Heute reden zwar fast alle Englisch, aber nicht alle Menschen denken in Englisch. Unsere multikulturelle Redaktion hat den grossen Vorteil verstehen zu können, wie andere Kulturen denken. Dies wiederum ist wichtig, um zu wissen, wie man unser Land und seine Besonderheiten darstellen muss.
Journalisten, die auf Arabisch, Chinesisch oder Japanisch denken und diese Sprachen sprechen, stellen etwas Aussergewöhnliches dar. Dies gilt letztlich für alle neun Sprachdienste von swissinfo.
Mit welchen Institutionen, die Verbindungen zwischen der Schweiz und dem Ausland pflegen, sollte swissinfo Synergien entwickeln?
R. R.: swissinfo arbeitet bereits eng mit anderen Unternehmenseinheiten der SRG zusammen, auch wenn es in diesem Bereich Verbesserungspotential gibt. Dies gilt auch für alle Organisationen, die sich um die Interessen und das Image der Schweiz im Ausland kümmern, vor allem Präsenz Schweiz, Schweiz Tourismus und Pro Helvetia.
Doch ich möchte bei dieser Gelegenheit daran erinnern, dass in der Schweiz sehr viele Nichtregierungsorganisationen tätig sind, die weltweit Entwicklungshilfe betreiben. Wenn es swissinfo gelänge, die bevorzugte Medienplattform für diese Organisationen zu werden, wäre dies sicherlich ein grosser Erfolg.
Was bedeuten Ihnen persönlich die Jahre im Vorstand von SRI/swissinfo? Und an welche Momente erinnern Sie sich besonders?
R. R.: Für mich war es eine tiefgreifende Erfahrung, den epochalen Wechsel von einem Kurzwellensender zur multimedialen Internet-Plattform an vorderster Front miterleben zu dürfen. Aber es gab viele schwierige Momente. Es musste restrukturiert werden. Es kam zu Entlassungen. Ich möchte nur daran erinnern, dass das Budget vor 20 Jahren 65 Mio. Franken betrug; jetzt sind wir bei 26 Mio.
Wie konnten diese schwierigen Momente aber dank der grossen Professionalität der Mitarbeiterinnen und Mitarbeiter überwinden. Ihnen möchte ich im Moment meines Abschieds besonders danken. Dank ihnen kann swissinfo eine Stimme bleiben, die im In- und Ausland geschätzt wird.
swissinfo, Andrea Arcidiacono und Andrea Clementi
(Übertragung aus dem Italienischen: Gerhard Lob)
Renzo Respini wurde 1944 in Sorengo (Tessin) geboren. 1969 schloss er sein Studium in Rechtswissenschaften an der Universität Genf ab; 1976 wurde er Anwalt und Notar.
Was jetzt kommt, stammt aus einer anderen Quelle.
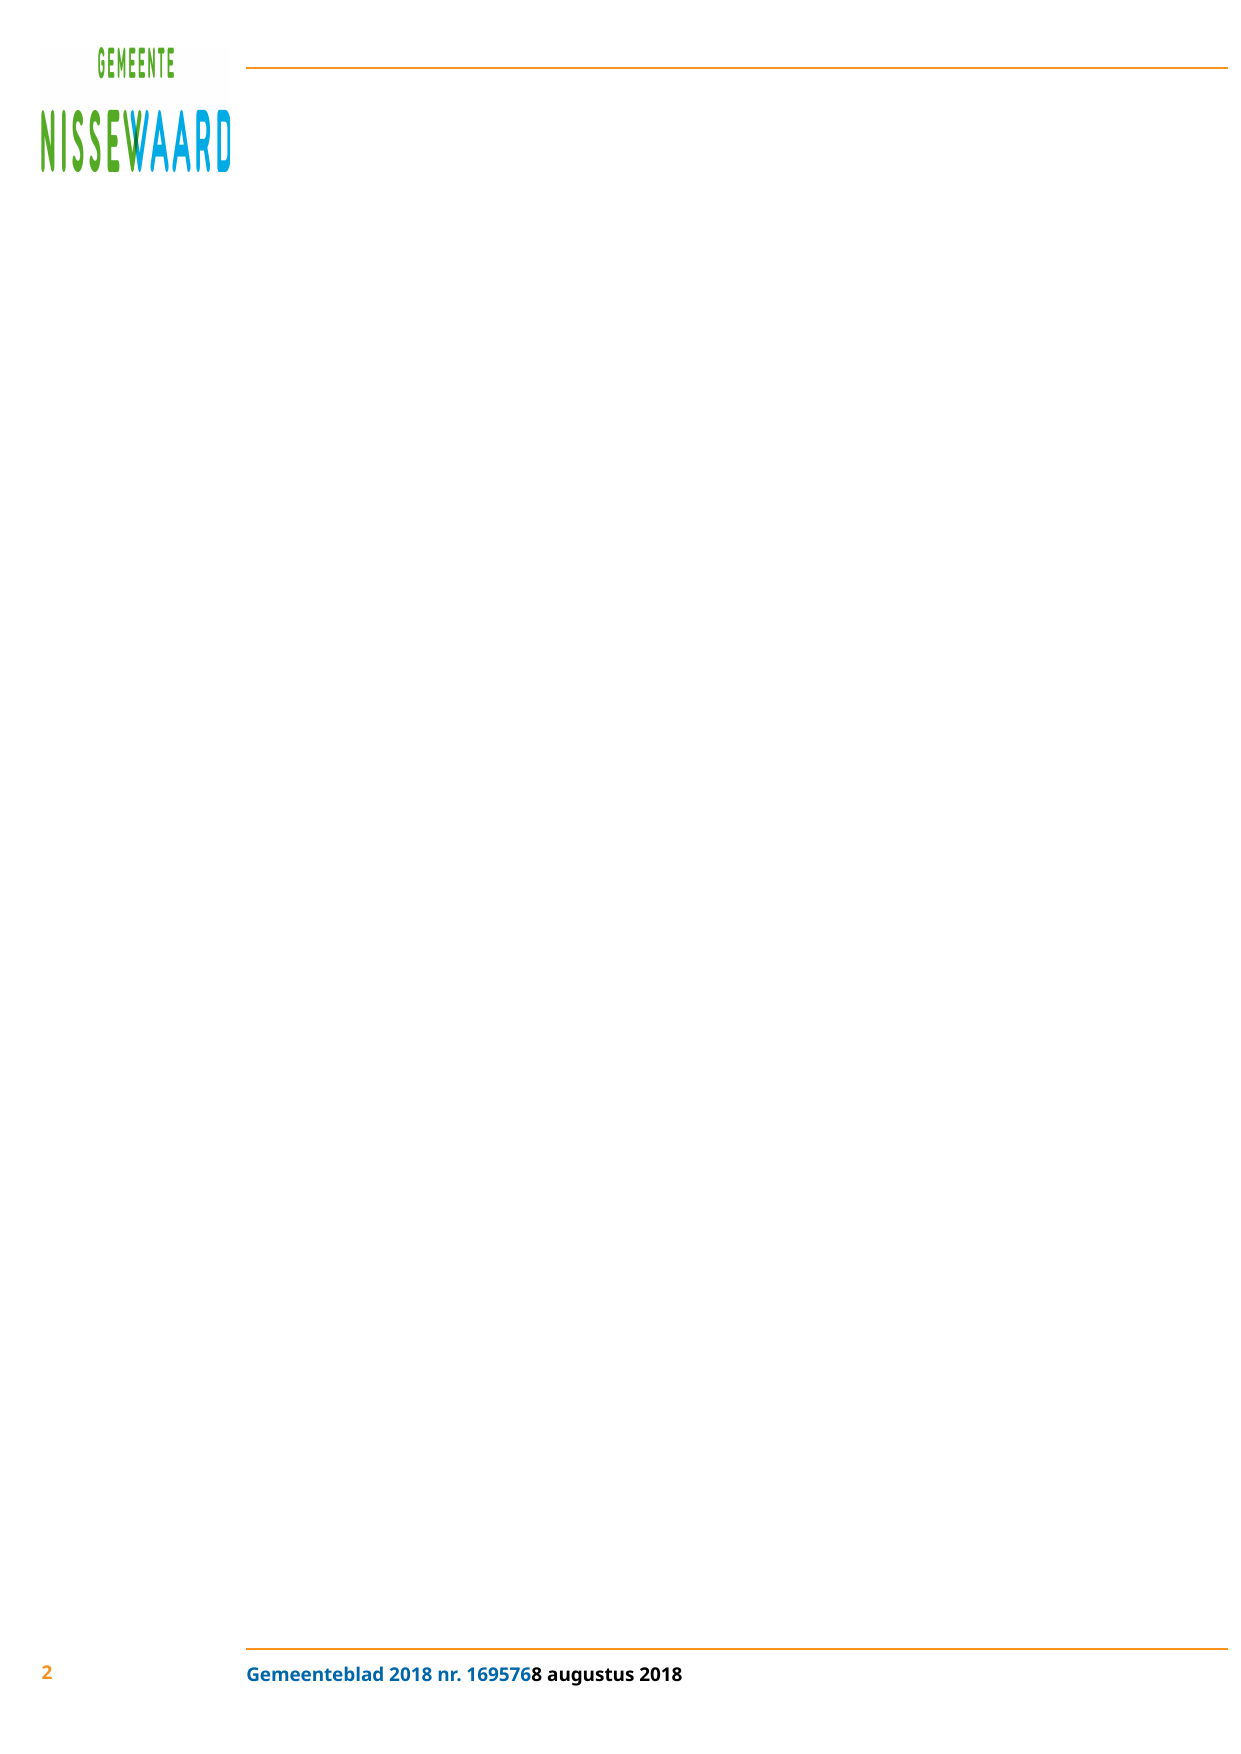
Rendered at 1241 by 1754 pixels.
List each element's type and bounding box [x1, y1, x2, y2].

picture [201, 122, 206, 138]
picture [41, 47, 231, 172]
picture [176, 157, 187, 172]
picture [200, 151, 206, 172]
picture [222, 122, 227, 160]
picture [154, 157, 165, 172]
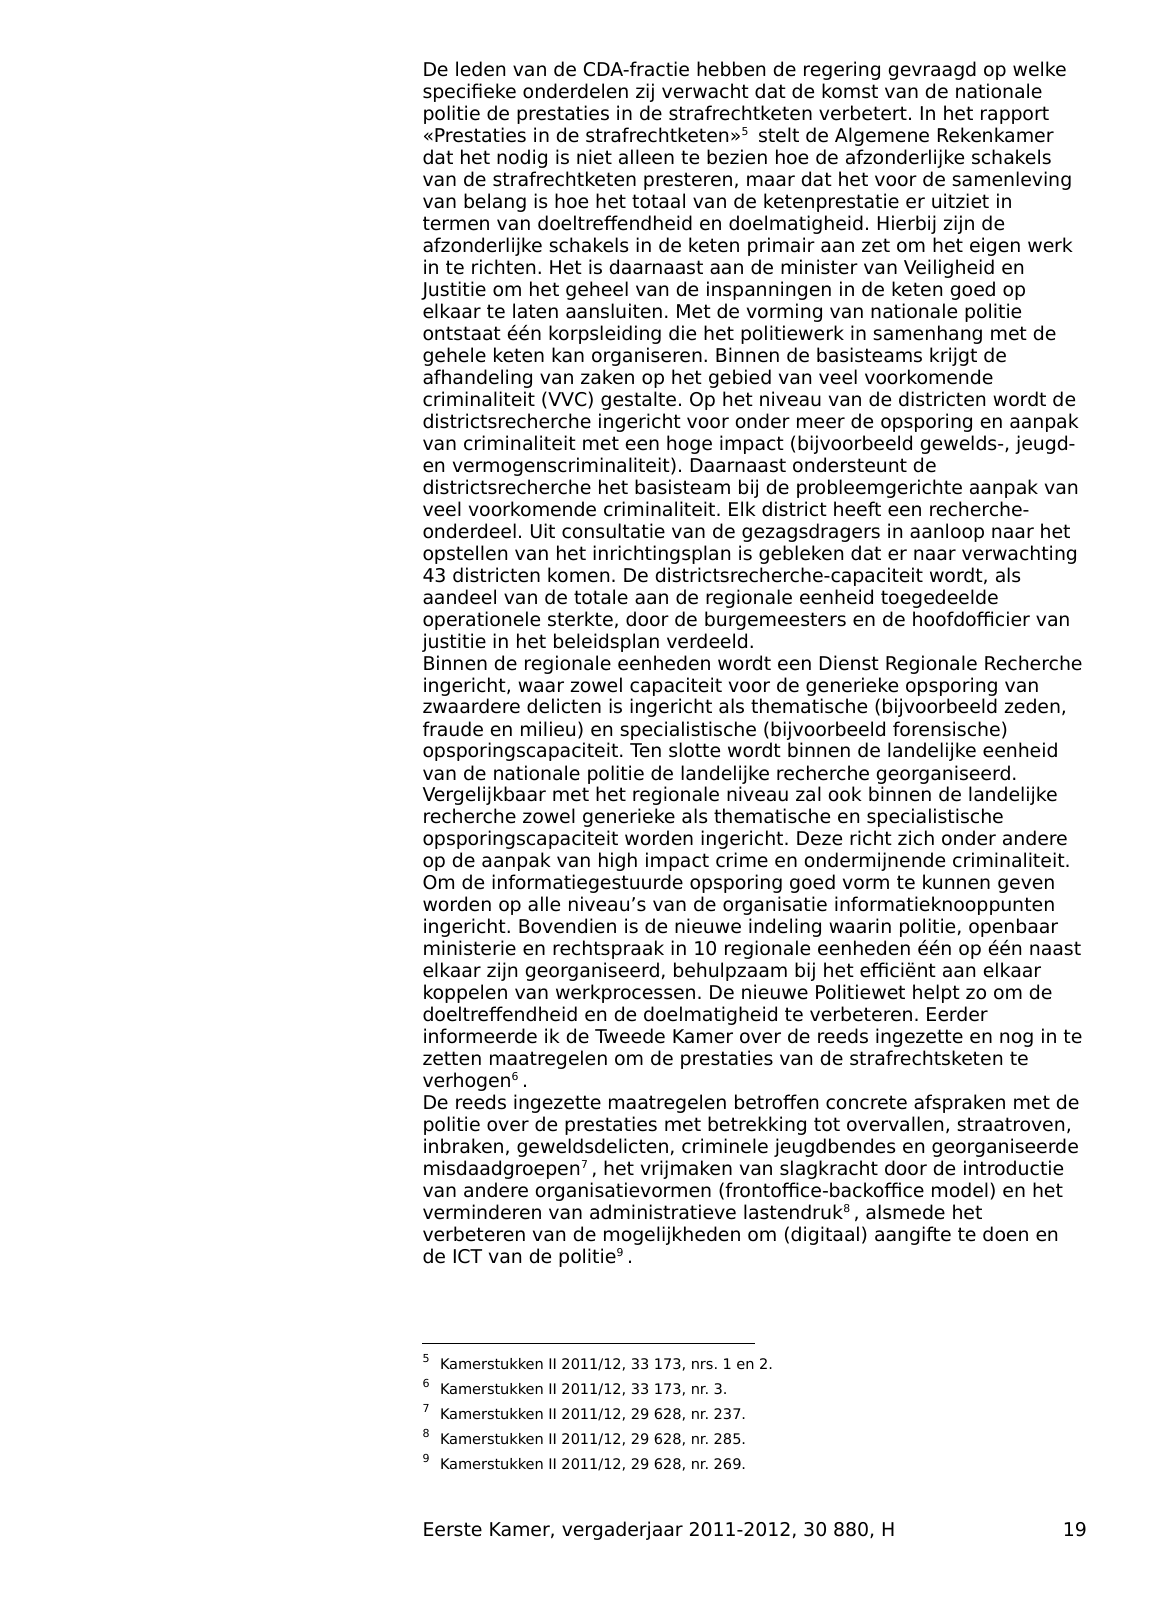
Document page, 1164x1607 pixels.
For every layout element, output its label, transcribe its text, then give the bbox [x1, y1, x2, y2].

Respini hat in der Bundesverwaltung in Bern gearbeitet, später als Anwalt und Staatsanwalt im Kanton Tessin. Von 1983 bis 1995 war er Regierungsrat im Tessin, von 1995 bis 1999 Ständerat. Er politisierte stets für die Christlichdemokratische Volkspartei (CVP).
Renzo Respini ist Teilhaber einer Anwaltspraxis in Lugano und Mitglied in diversen Verwaltungsräten, darunter der Alptransit Gotthard AG. Er sitzt zudem in mehreren Stiftungsräten mit humanitären und kulturellen Zielsetzungen, darunter das Schweizer Institut in Rom.